Jupiter, the fifth planet from the sun, is a gas giant with an atmosphere mainly composed of helium and hydrogen, and characterized by towering clouds of ammonia and turbulent storms, including one that has raged for hundreds of years and is larger than Earth, known as the Great Red Spot.
With the initial scientific information from Juno, researchers are realizing the planet is even more complex than scientists imagined.
The spacecraft's camera, called the JunoCam, recorded images of Jupiter's north and south poles that show colossus, swirling Earth-sized storms, knocking into each other as they rocket around the top and bottom of the planet. The storms covering the north pole are very different from those in the south, though.
"We're puzzled as to how they could be formed, how stable the configuration is, and why Jupiter's north pole doesn't look like the south pole," Juno's principal investigator Scott Bolton said in a briefing about the new data.

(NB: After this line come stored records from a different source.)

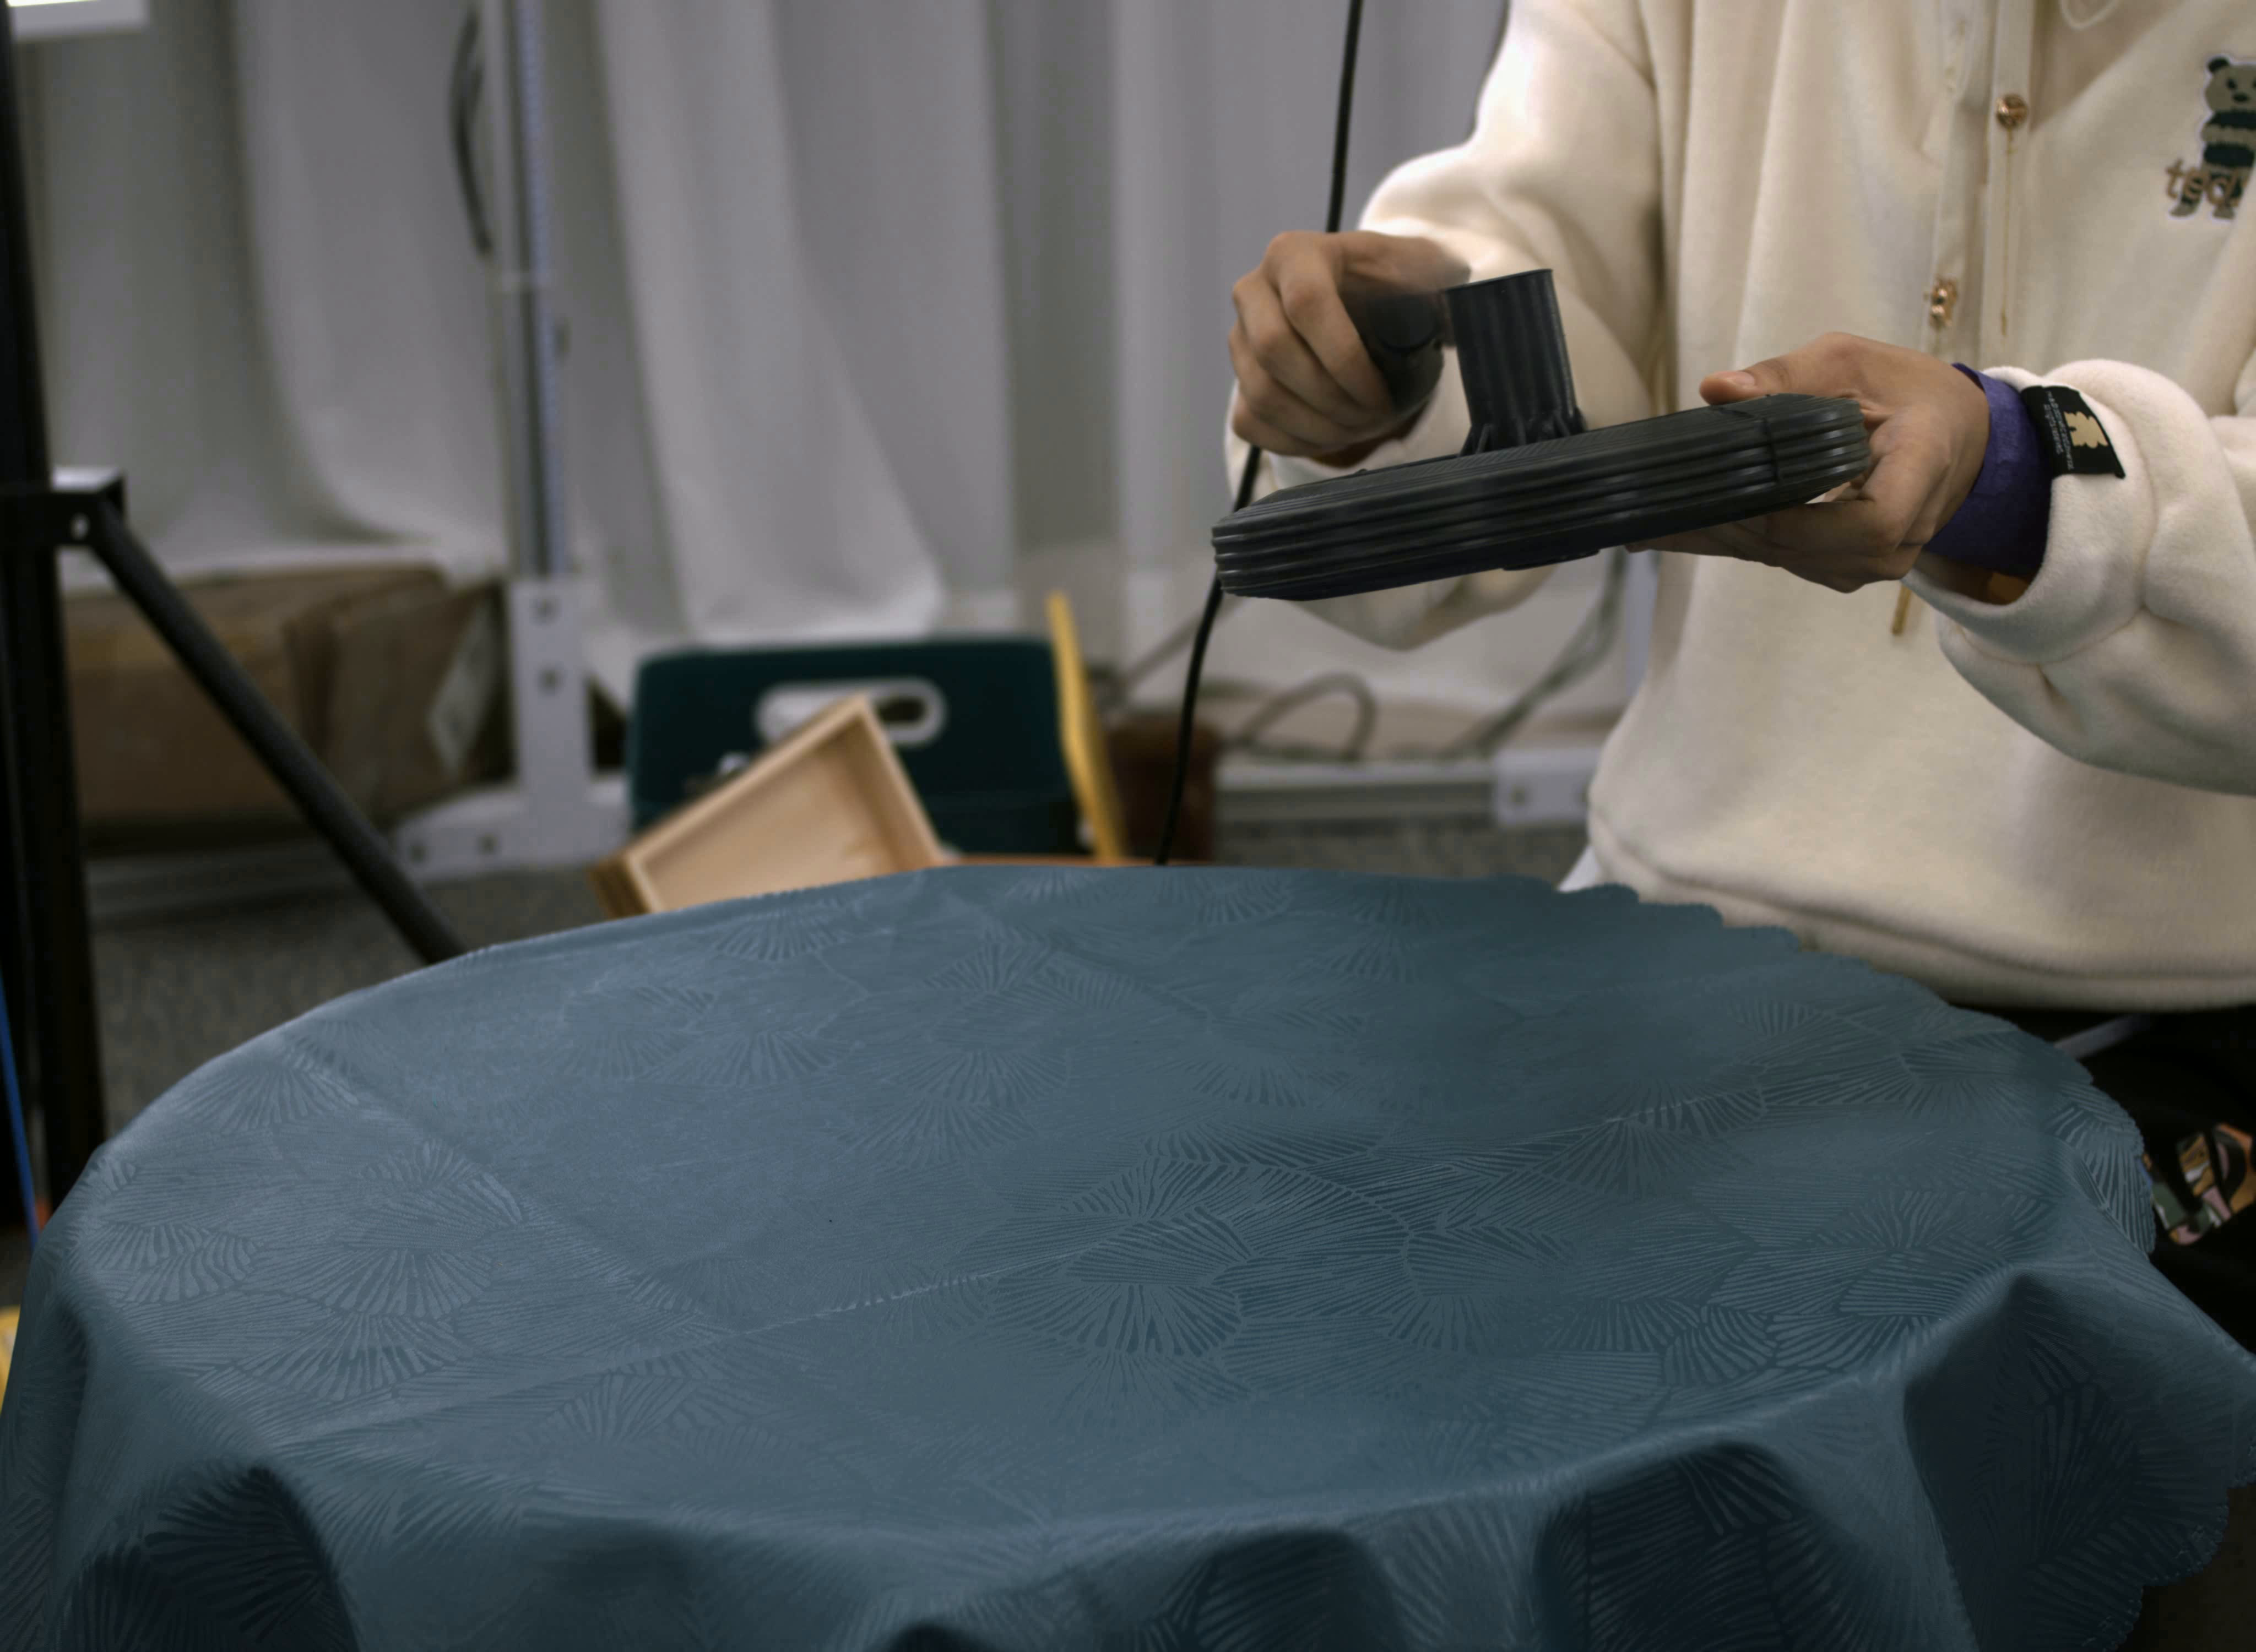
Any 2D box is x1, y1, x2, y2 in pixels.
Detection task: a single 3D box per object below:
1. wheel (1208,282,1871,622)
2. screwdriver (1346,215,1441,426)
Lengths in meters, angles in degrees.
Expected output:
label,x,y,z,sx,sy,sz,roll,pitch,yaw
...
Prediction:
label,x,y,z,sx,sy,sz,roll,pitch,yaw
wheel,0.111,-0.110,1.500,0.189,0.079,0.188,-14,3,-1
screwdriver,0.089,-0.162,1.666,0.031,0.032,0.196,-2,-13,-3
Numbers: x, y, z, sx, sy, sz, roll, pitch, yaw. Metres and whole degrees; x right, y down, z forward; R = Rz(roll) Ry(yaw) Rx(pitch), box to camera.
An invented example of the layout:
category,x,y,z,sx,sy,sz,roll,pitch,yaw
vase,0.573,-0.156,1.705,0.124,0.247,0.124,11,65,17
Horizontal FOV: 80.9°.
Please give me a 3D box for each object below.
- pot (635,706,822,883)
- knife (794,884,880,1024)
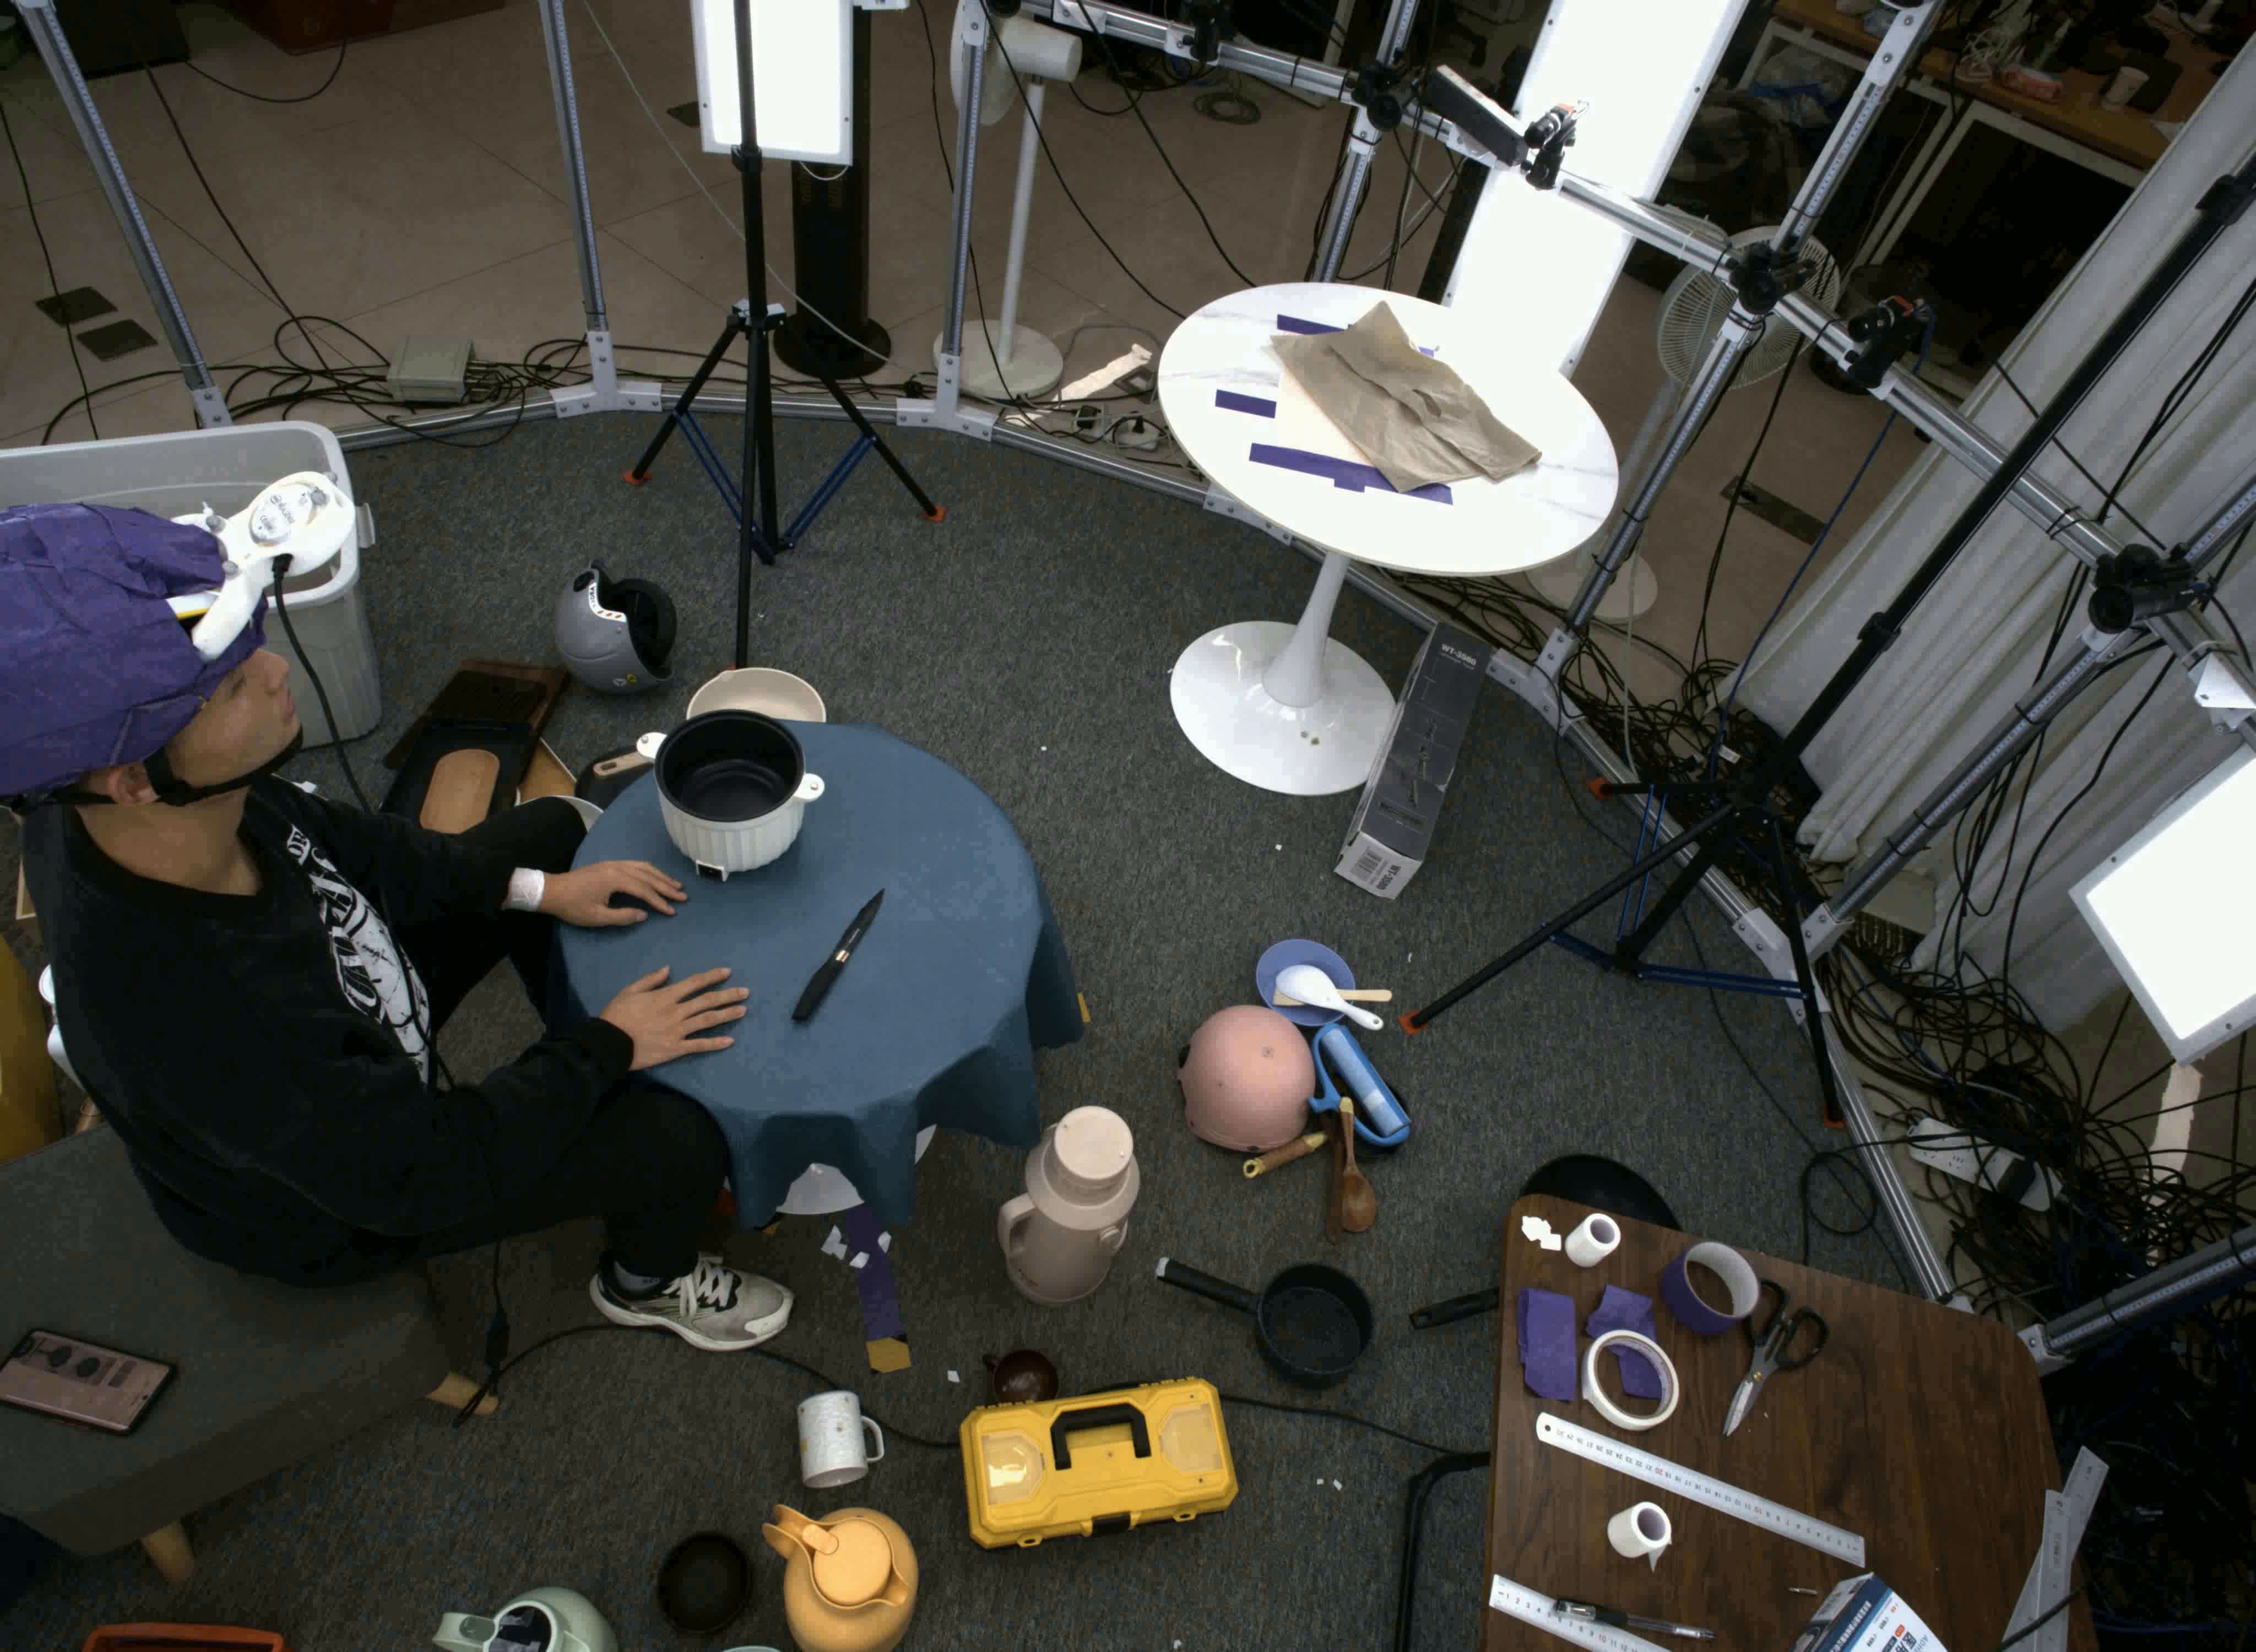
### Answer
category,x,y,z,sx,sy,sz,roll,pitch,yaw
pot,-0.504,-0.044,1.643,0.239,0.145,0.188,15,54,-4
knife,-0.357,0.153,1.619,0.025,0.018,0.223,12,49,16

Bolton said it’s also unclear whether these are permanent storms at the poles.
“We’re questioning whether this is a dynamic system, and are we seeing just one stage, and over the next year, we’re going to watch it disappear, or is this a stable configuration and these storms are circulating around one another,” Bolton said.
Juno has also revealed new information about the planet's irregular and lumpy magnetic field and its gaseous atmosphere.
Researchers are hoping to learn more about the Giant Red Spot, too, one of the "most iconic features in the entire solar system.
“If anybody is going to get to the bottom of what is going on below those mammoth swirling crimson cloud tops, it’s Juno and her cloud-piercing science instruments,” Bolton predicted.
Credit: Time Life Pictures
Credit: Time Life Pictures
The Juno spacecraft launched on Aug. 5, 2011, and entered Jupiter’s orbit last summer on July 4.
The results from Thursday’s briefing were collected in a Juno fly-by last August when the craft was within 2,600 miles of Jupiter’s cloud tops, NASA said.